Acid phosphatase secretion assay
Cell were grown in EMM until mid-log phase, washed with EMM and diluted to OD595 0.1 in fresh medium for further growth at 30°C. Initial samples were measured at the time of resuspension and used as a reference for further measurements which were taken hourly. Typically, 200 µl of conditioned media was mixed with 200 µl of substrate solution (10mM p-nitrophenyl phosphate, 0.1 M sodium acetate, pH 4) and incubated at 30°C for 30 minutes. Reactions were stopped by addition of 200 µl of 1 M sodium hydroxide and absorbance measured at 405 nm [21].
Bioinformatics
Fission yeast protein sequences showing 1:1:1:1 relationship in hierarchical orthologous groups were downloaded from the OMA browser (https://omabrowser.org/oma/home/) [22]. Transmembrane helices (TMHs) were predicted by TMHMM 2.0 (http://www.cbs.dtu.dk/services/TMHMM/) [23] using default parameters. Predictions differing from the median TMH length (23 aa) by ≥50% (i.e. ≥12 aa) were discarded. TMH amino acid composition was analyzed using ProtParam (https://web.expasy.org/protparam/) [24]. Sequences were aligned using the accurate (L-INS-i) option of MAFFT (https://mafft.cbrc.jp/alignment/software/) [25]. Data were analyzed and plotted in R [26].

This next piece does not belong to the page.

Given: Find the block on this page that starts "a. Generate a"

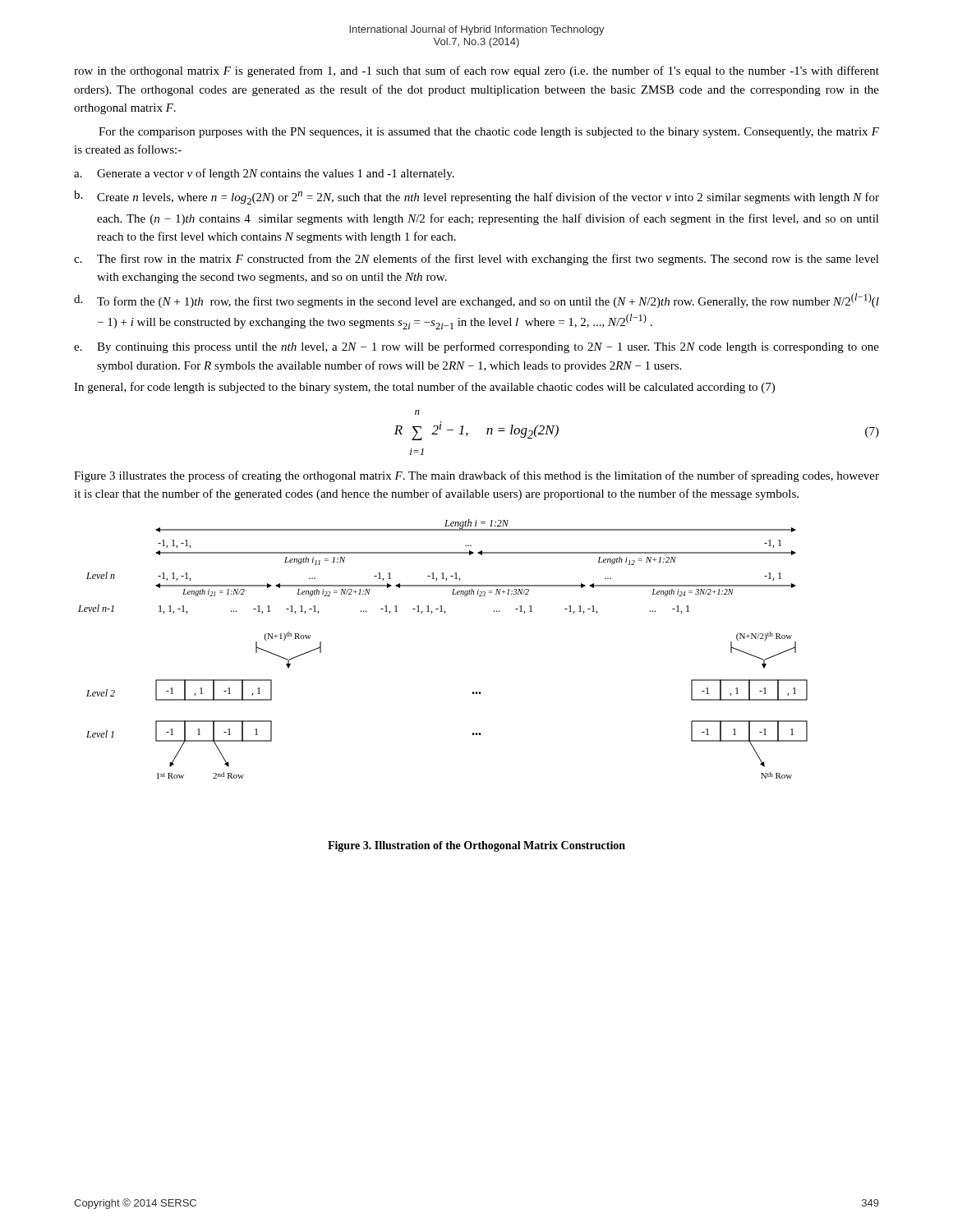Looking at the screenshot, I should [264, 174].

Quantification and statistical analyses
Lipidomics data were obtained from at least 5 replicates (biological and technical) and p-values were derived using unpaired parametric heteroscedastic t-tests. Experiments shown in Fig. 2 were performed in three biological replicates and p-values were derived using unpaired parametric t-test. For Fig. 3, unpaired nonparametric Kolmogorov-Smirnov tests was used to compare bending rigidities and phase separation in GUVs. For qPCR data p-values were calculated using unpaired parametric t-test. Statistical analyses were performed in Prism 7 (GraphPad Software) and R [26].
Acknowledgments
We are grateful to the Oliferenko lab for discussions and D. Owen (King’s College London) for suggestions on the manuscript. Many thanks are due to V. Christodoulou (The Francis Crick Institute) for help with FAS purification, A. Le Marois (The Francis Crick Institute) for advice on GUV preparation and M. Grininger (University of Frankfurt) for advice on FAS assays. Our work was supported by the Wellcome Trust Senior Investigator Award (103741/Z/14/Z) to S. O.